╔══

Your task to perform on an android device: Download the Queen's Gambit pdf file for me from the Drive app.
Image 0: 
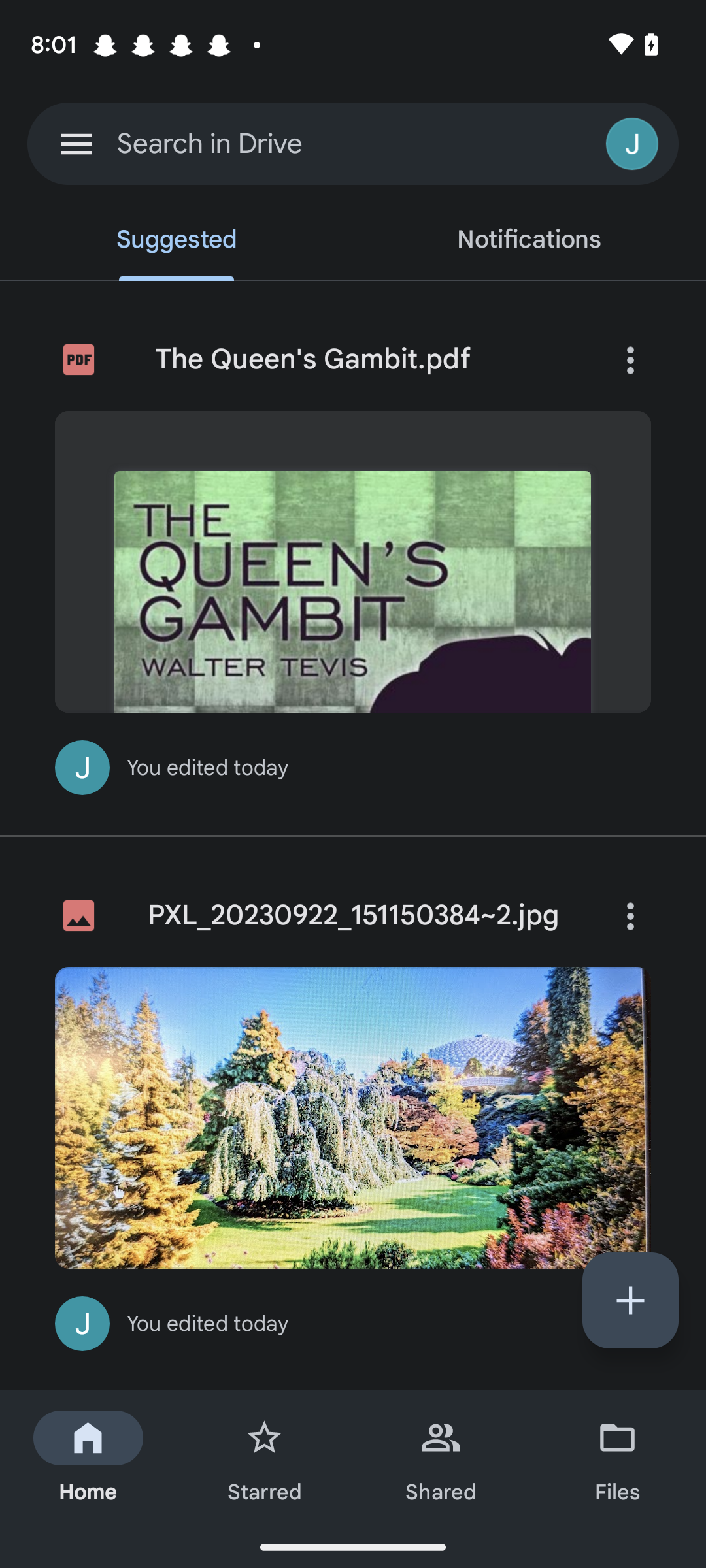
Click on the Three dots on the top right corner of the The Queen's Gambit pdf file.
Step 0: click (630, 359)
Image 1: 
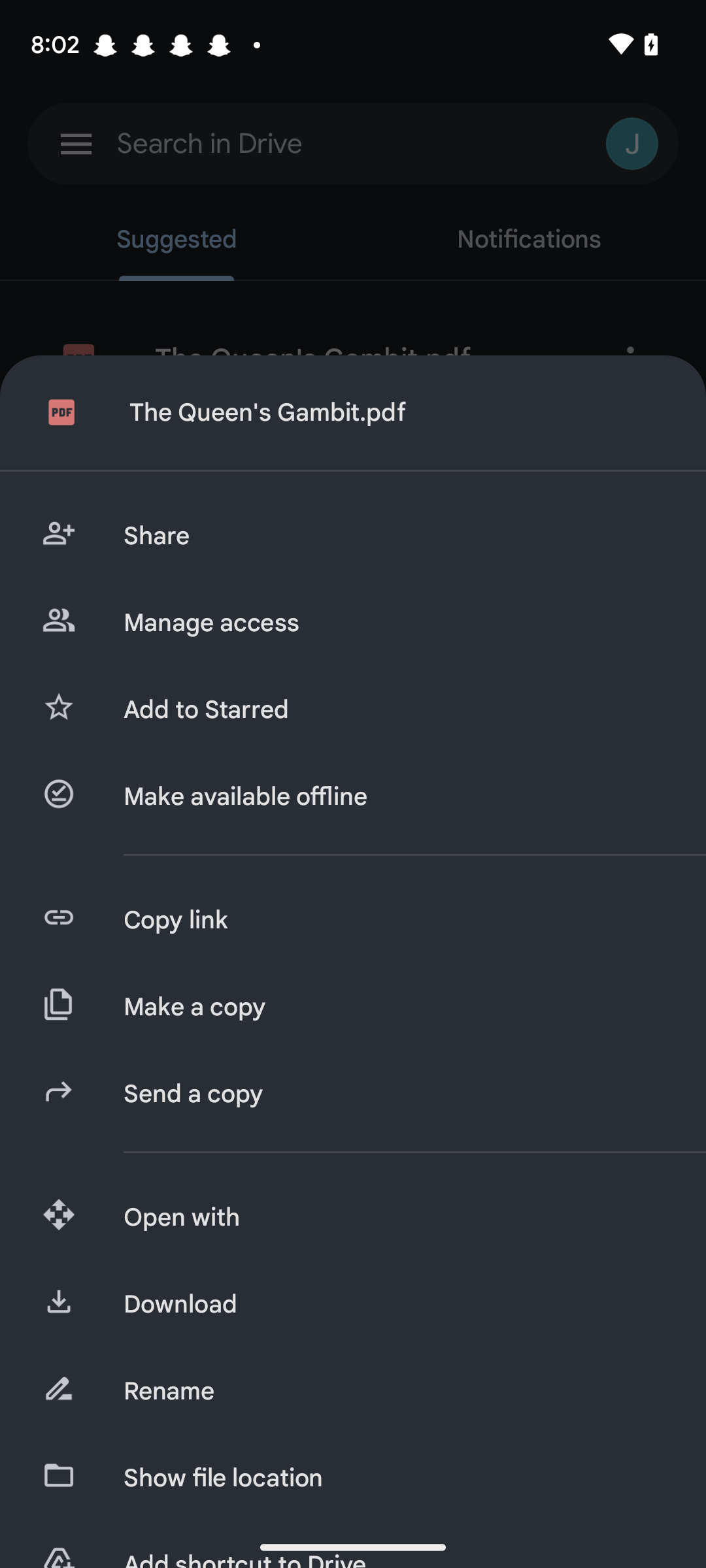
Click on the download tab in the list.
Step 1: click (394, 1304)
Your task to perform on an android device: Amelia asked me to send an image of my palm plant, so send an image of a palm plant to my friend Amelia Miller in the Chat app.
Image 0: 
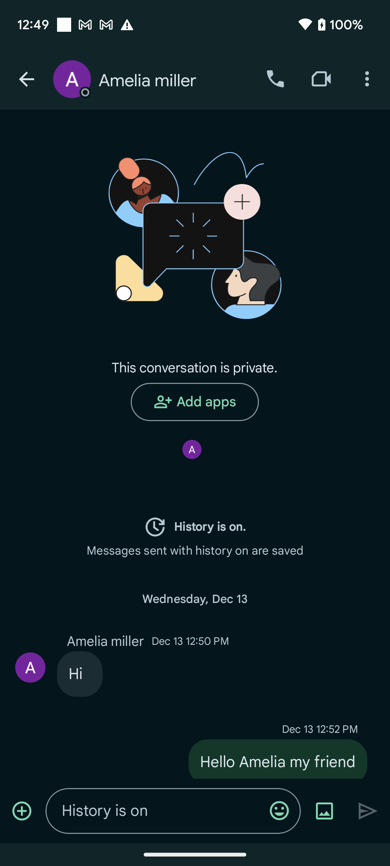
Click on the gallery icon to view the palm image to send this image.
Step 0: click (324, 811)
Image 1: 
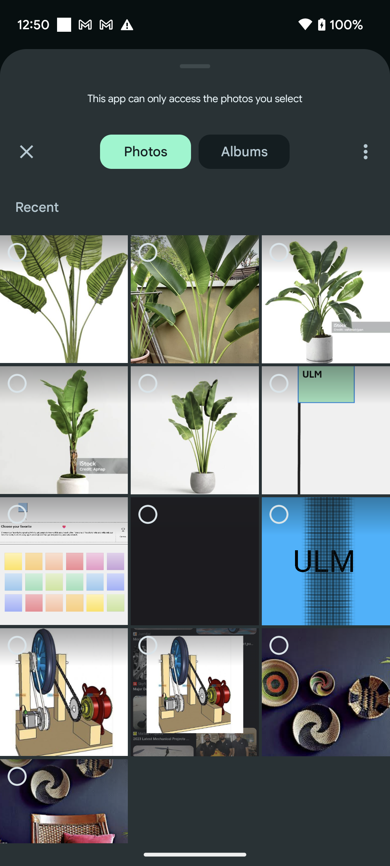
Click on the first image of palm tree to select this image to send to Amelia miller.
Step 1: click (64, 299)
Image 2: 
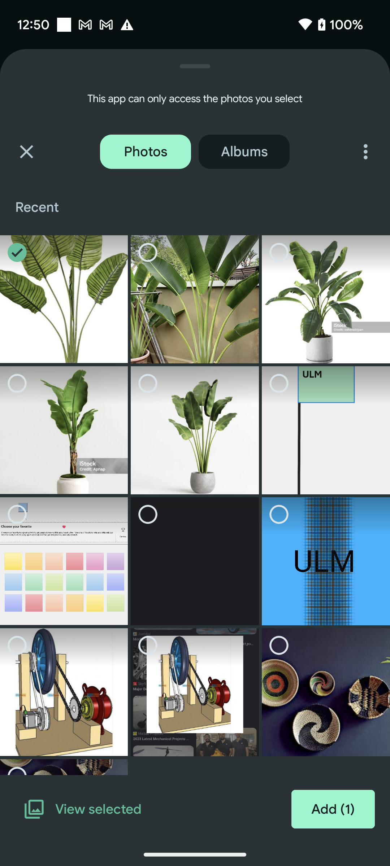
Click on the Add(1) button to send this file to Amelia miller.
Step 2: click (333, 809)
Image 3: 
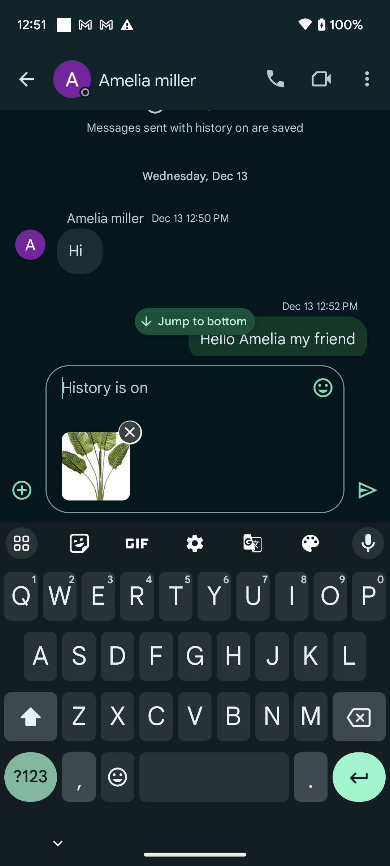
Click on the send icon to send this image to Amelia miller.
Step 3: click (368, 490)
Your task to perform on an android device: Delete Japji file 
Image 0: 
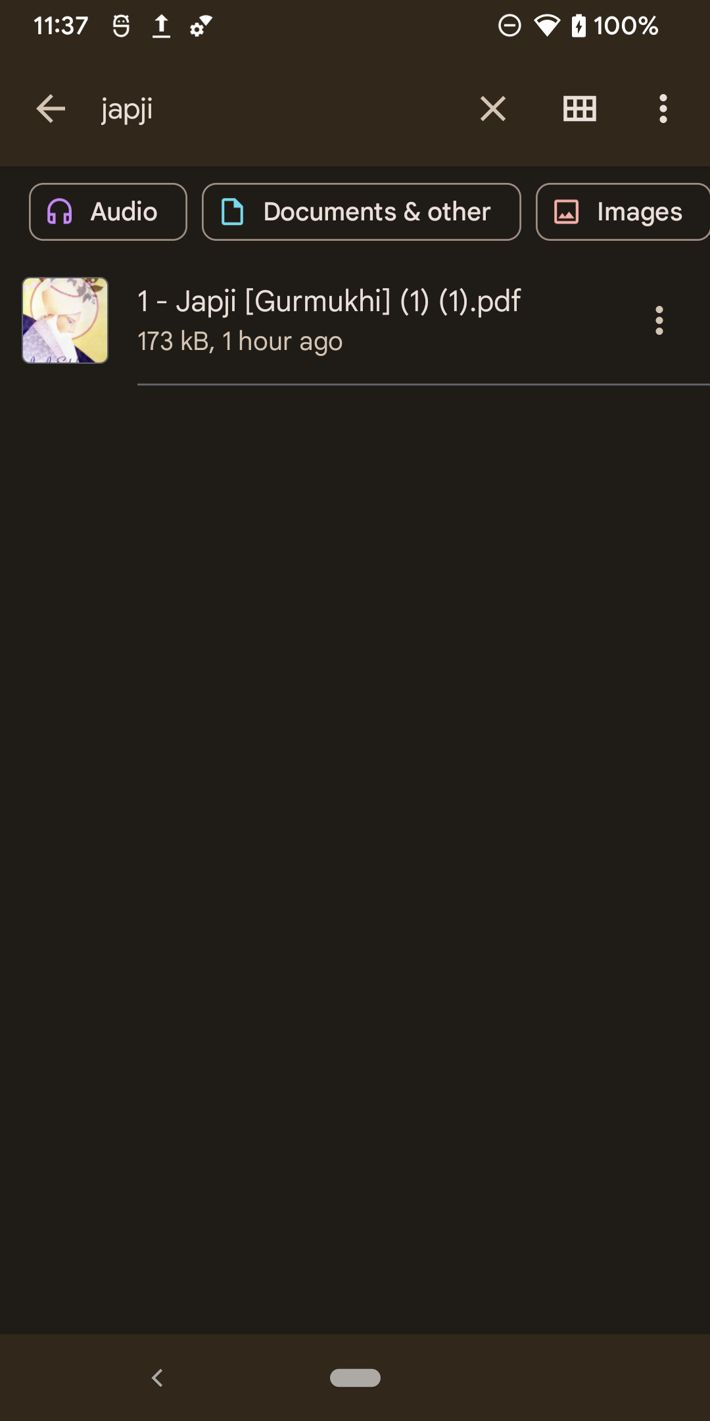
Click on three dots in front of Japji file
Step 0: click (659, 320)
Image 1: 
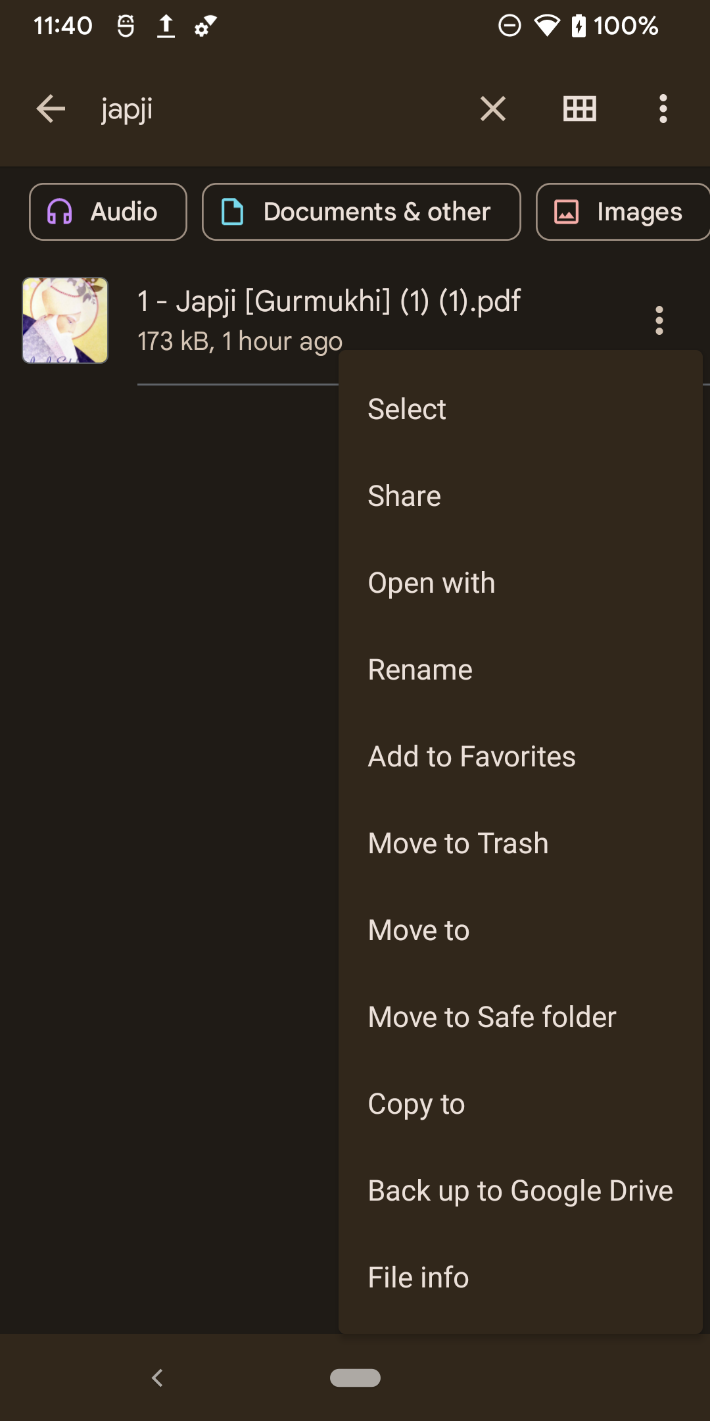
Click on Delete to Trash option to delete the file from storage 
Step 1: click (521, 841)
Image 2: 
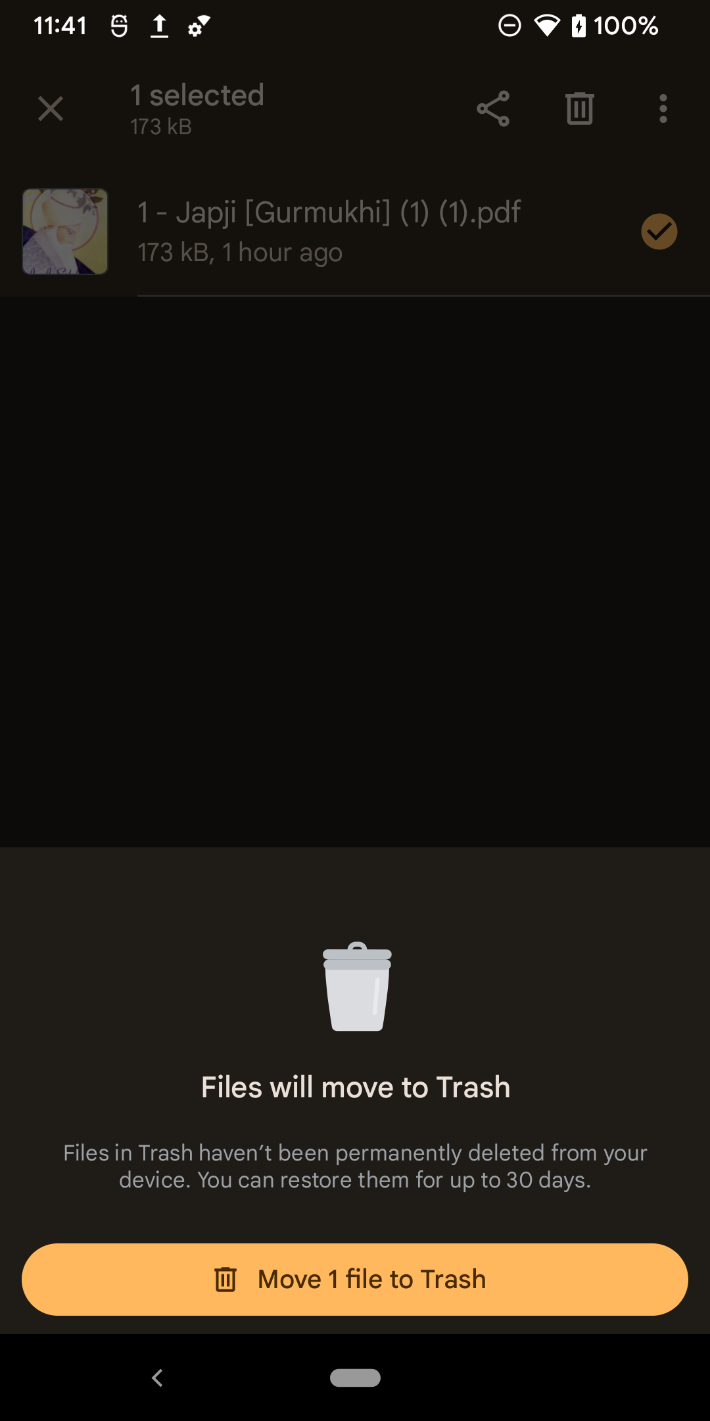
Click on the Move to Trash button at the bottom of the screen
Step 2: click (355, 1279)
Image 3: 
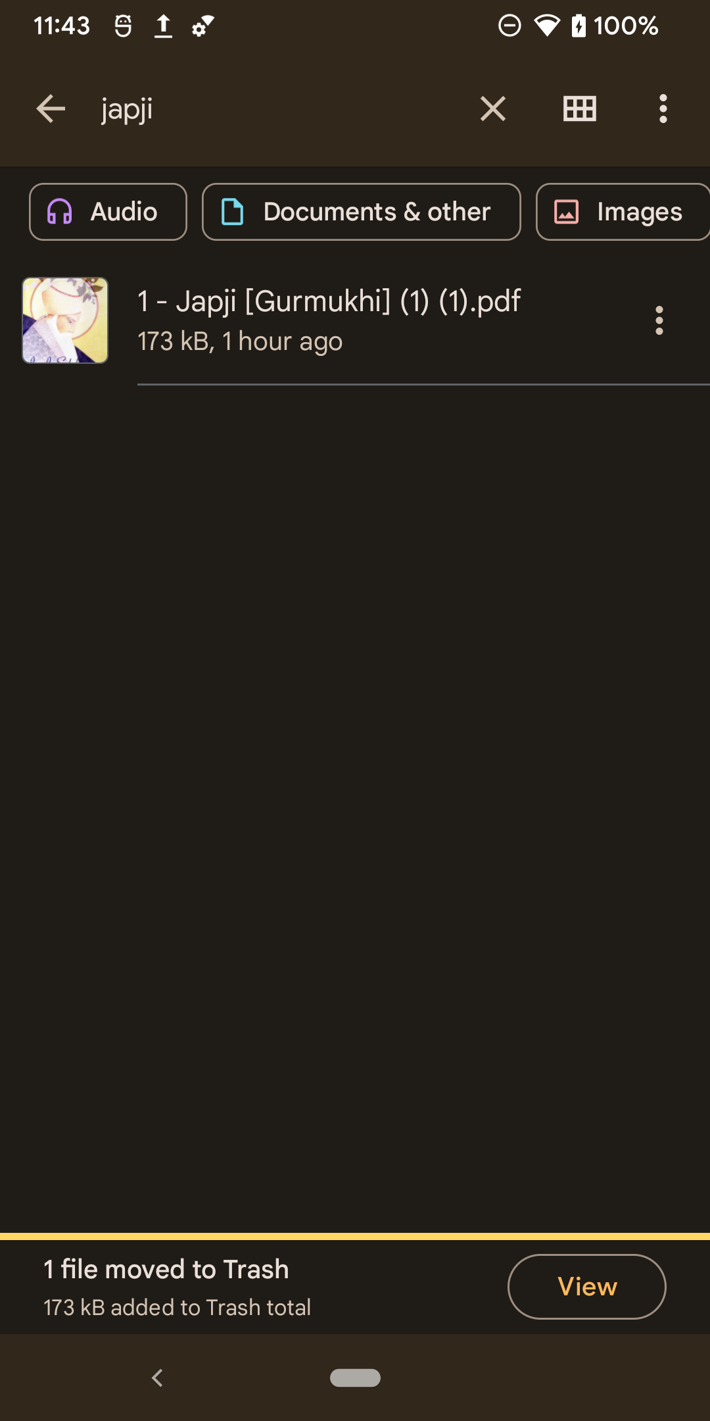
Click on the Move to Trash button at the bottom of the screen
Step 3: wait
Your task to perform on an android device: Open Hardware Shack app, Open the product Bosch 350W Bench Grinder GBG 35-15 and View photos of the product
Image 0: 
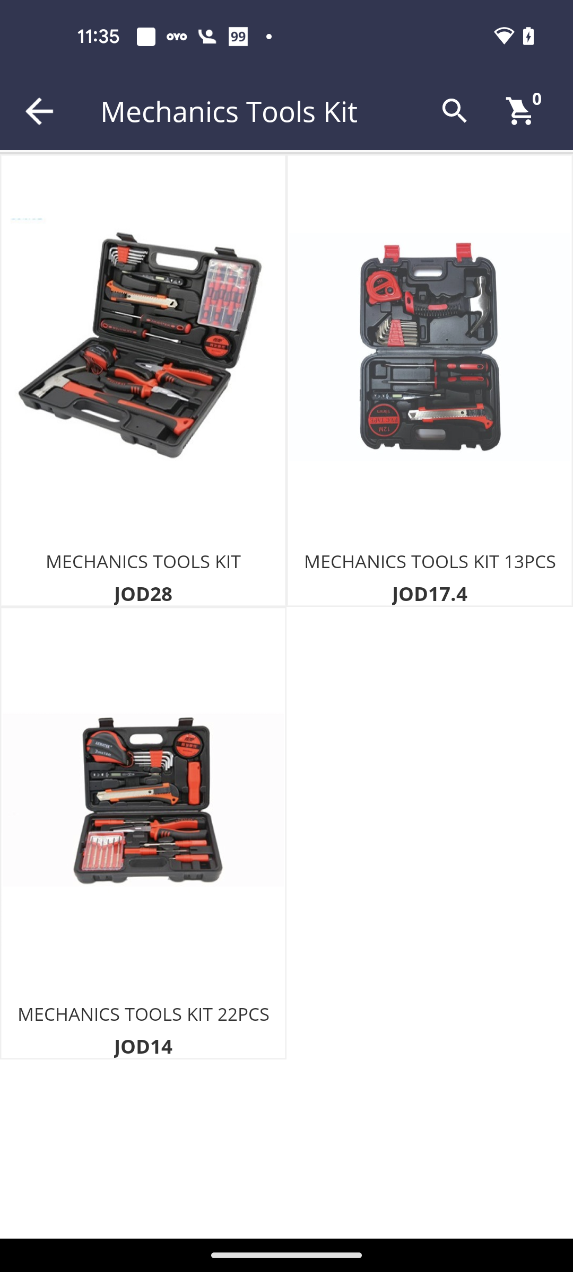
Open Hardware Shack App
Step 0: open app "Hardware Shack"
Image 1: 
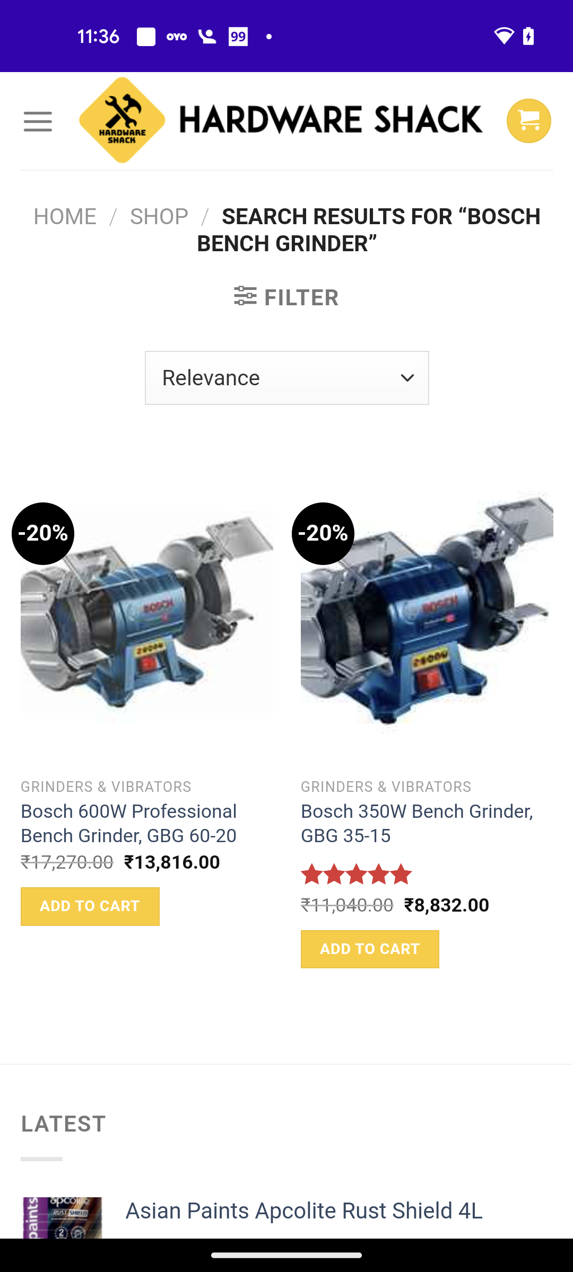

╚══

__REQUIREMENT__:
Search the material for the word "dots" and copy each line where it occurs.

__RESULT OF THE TASK__:
Click on the Three dots on the top right corner of the The Queen's Gambit pdf file.
Click on three dots in front of Japji file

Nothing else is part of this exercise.